_Try it_
Repeat each line, word for word, from the one containing "Answer: 74,550 Is" through the last line of the entries, and include no other output.

Top of Records to process

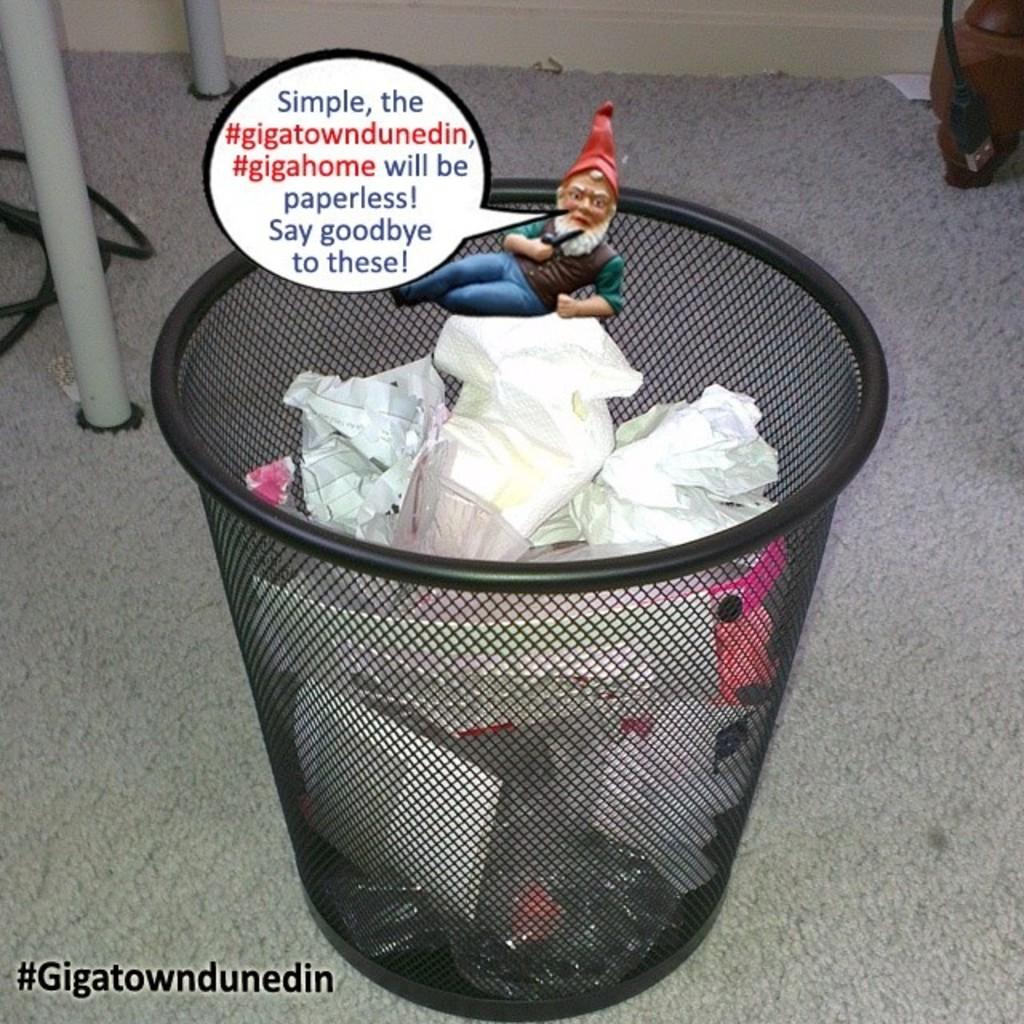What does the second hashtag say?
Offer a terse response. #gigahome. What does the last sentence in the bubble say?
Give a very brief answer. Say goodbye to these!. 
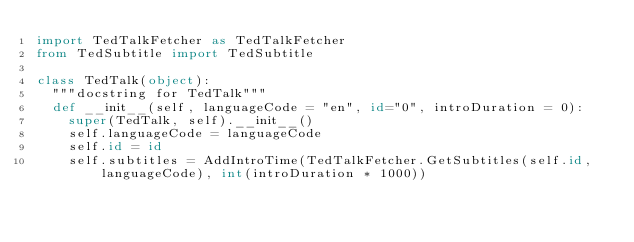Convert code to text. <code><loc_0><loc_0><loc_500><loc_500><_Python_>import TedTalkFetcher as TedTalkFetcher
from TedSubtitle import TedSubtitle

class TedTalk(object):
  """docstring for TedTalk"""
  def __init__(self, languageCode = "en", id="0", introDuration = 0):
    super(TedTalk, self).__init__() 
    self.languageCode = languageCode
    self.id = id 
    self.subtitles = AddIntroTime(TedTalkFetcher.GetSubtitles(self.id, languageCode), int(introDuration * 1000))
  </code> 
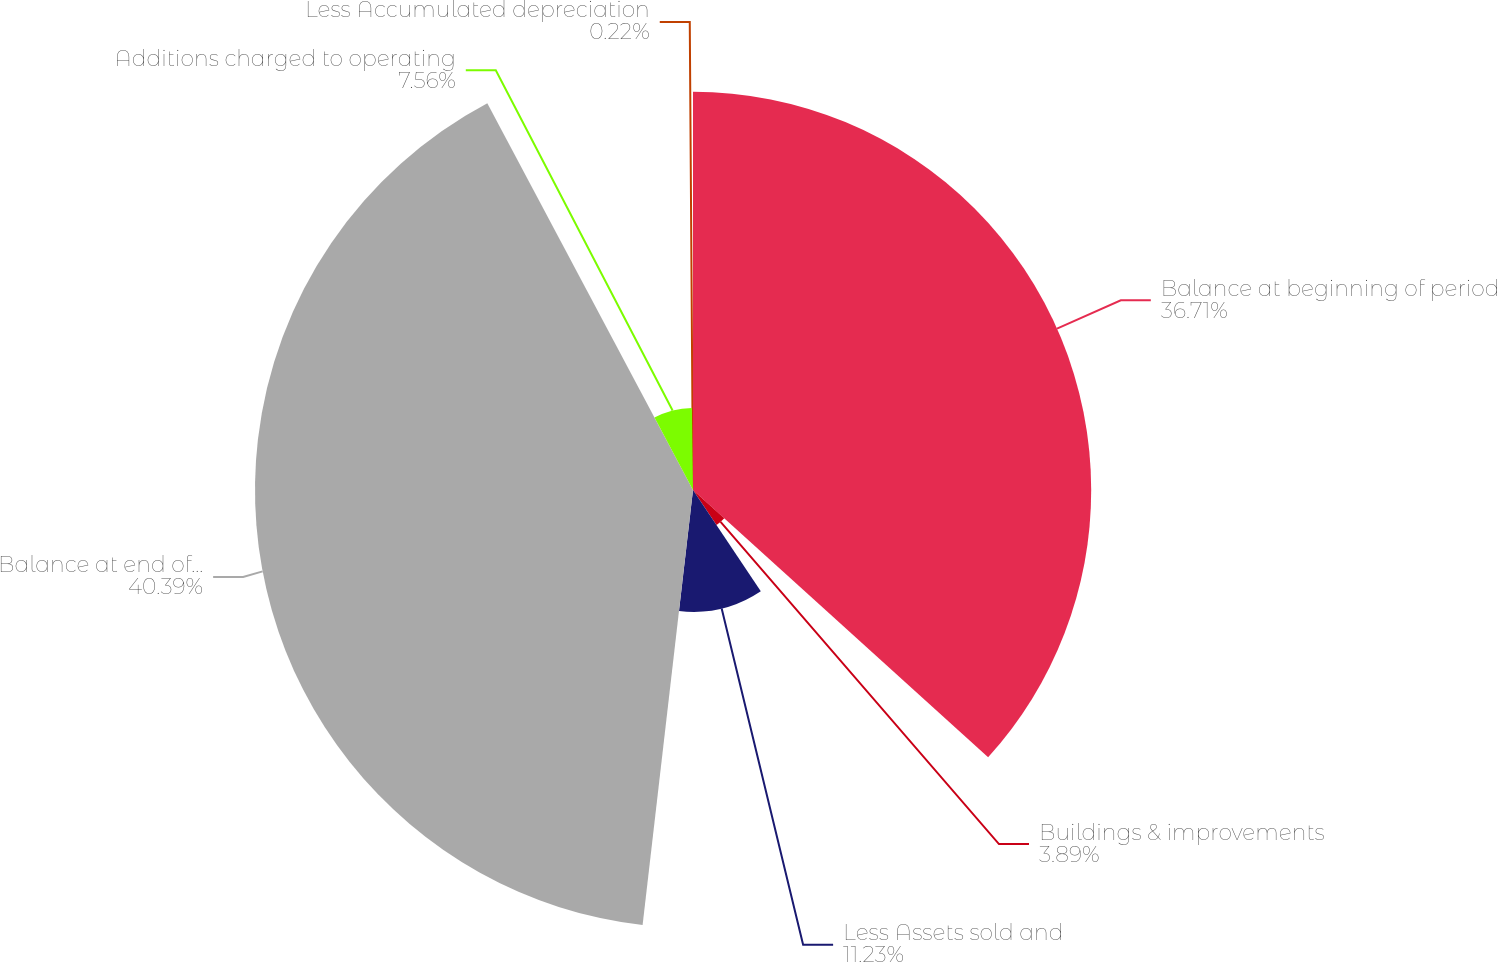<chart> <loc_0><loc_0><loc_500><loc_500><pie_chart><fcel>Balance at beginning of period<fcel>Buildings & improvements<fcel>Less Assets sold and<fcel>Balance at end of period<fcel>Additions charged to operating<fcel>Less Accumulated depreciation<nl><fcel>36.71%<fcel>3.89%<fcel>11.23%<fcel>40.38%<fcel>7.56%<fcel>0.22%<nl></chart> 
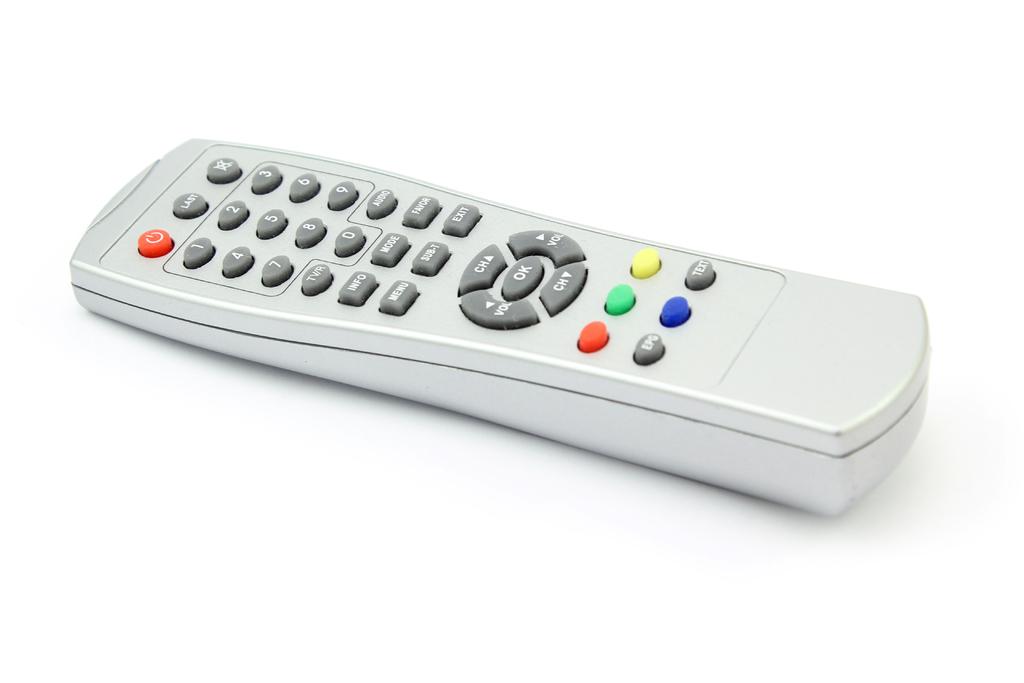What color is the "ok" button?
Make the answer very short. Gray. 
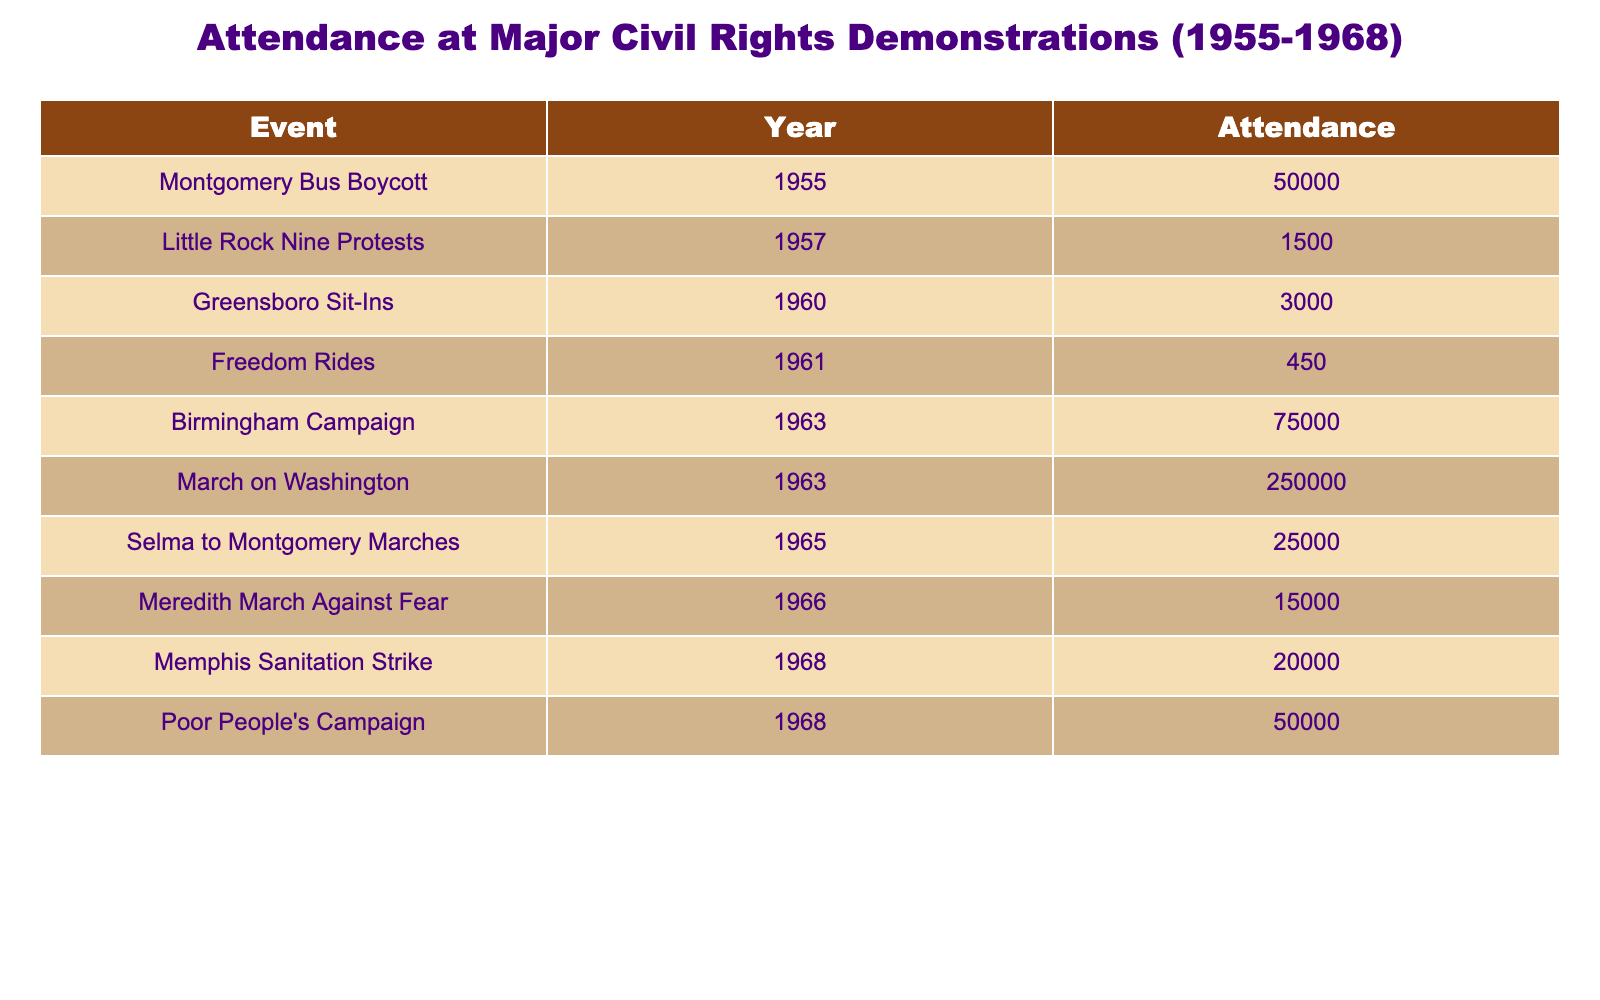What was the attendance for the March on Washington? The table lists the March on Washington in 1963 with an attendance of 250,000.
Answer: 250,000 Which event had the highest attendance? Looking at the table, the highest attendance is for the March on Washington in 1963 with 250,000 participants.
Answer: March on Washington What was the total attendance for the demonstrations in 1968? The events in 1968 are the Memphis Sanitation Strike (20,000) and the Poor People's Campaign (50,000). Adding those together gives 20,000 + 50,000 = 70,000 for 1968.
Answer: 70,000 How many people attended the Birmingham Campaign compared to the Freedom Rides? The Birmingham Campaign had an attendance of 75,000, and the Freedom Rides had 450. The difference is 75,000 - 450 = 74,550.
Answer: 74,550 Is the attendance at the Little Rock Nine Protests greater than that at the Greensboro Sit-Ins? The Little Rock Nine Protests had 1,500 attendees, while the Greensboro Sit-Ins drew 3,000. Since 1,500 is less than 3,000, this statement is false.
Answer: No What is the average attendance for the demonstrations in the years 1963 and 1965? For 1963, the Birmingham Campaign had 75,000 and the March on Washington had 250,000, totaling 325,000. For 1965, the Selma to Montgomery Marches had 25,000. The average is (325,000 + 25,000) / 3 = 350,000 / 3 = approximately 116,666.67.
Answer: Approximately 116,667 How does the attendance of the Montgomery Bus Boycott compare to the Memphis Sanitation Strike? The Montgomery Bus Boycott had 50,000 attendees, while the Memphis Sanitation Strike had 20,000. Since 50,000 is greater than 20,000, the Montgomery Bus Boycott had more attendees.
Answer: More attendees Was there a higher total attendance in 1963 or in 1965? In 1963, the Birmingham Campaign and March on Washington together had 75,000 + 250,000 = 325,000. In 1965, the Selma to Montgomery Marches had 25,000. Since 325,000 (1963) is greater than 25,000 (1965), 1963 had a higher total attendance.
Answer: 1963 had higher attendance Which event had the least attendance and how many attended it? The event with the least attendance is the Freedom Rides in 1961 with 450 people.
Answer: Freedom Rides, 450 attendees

Bottom of Records to process

_Response to the exercise_
Answer: 74,550 Is the attendance at the Little Rock Nine Protests greater than that at the Greensboro Sit-Ins? The Little Rock Nine Protests had 1,500 attendees, while the Greensboro Sit-Ins drew 3,000. Since 1,500 is less than 3,000, this statement is false.
Answer: No What is the average attendance for the demonstrations in the years 1963 and 1965? For 1963, the Birmingham Campaign had 75,000 and the March on Washington had 250,000, totaling 325,000. For 1965, the Selma to Montgomery Marches had 25,000. The average is (325,000 + 25,000) / 3 = 350,000 / 3 = approximately 116,666.67.
Answer: Approximately 116,667 How does the attendance of the Montgomery Bus Boycott compare to the Memphis Sanitation Strike? The Montgomery Bus Boycott had 50,000 attendees, while the Memphis Sanitation Strike had 20,000. Since 50,000 is greater than 20,000, the Montgomery Bus Boycott had more attendees.
Answer: More attendees Was there a higher total attendance in 1963 or in 1965? In 1963, the Birmingham Campaign and March on Washington together had 75,000 + 250,000 = 325,000. In 1965, the Selma to Montgomery Marches had 25,000. Since 325,000 (1963) is greater than 25,000 (1965), 1963 had a higher total attendance.
Answer: 1963 had higher attendance Which event had the least attendance and how many attended it? The event with the least attendance is the Freedom Rides in 1961 with 450 people.
Answer: Freedom Rides, 450 attendees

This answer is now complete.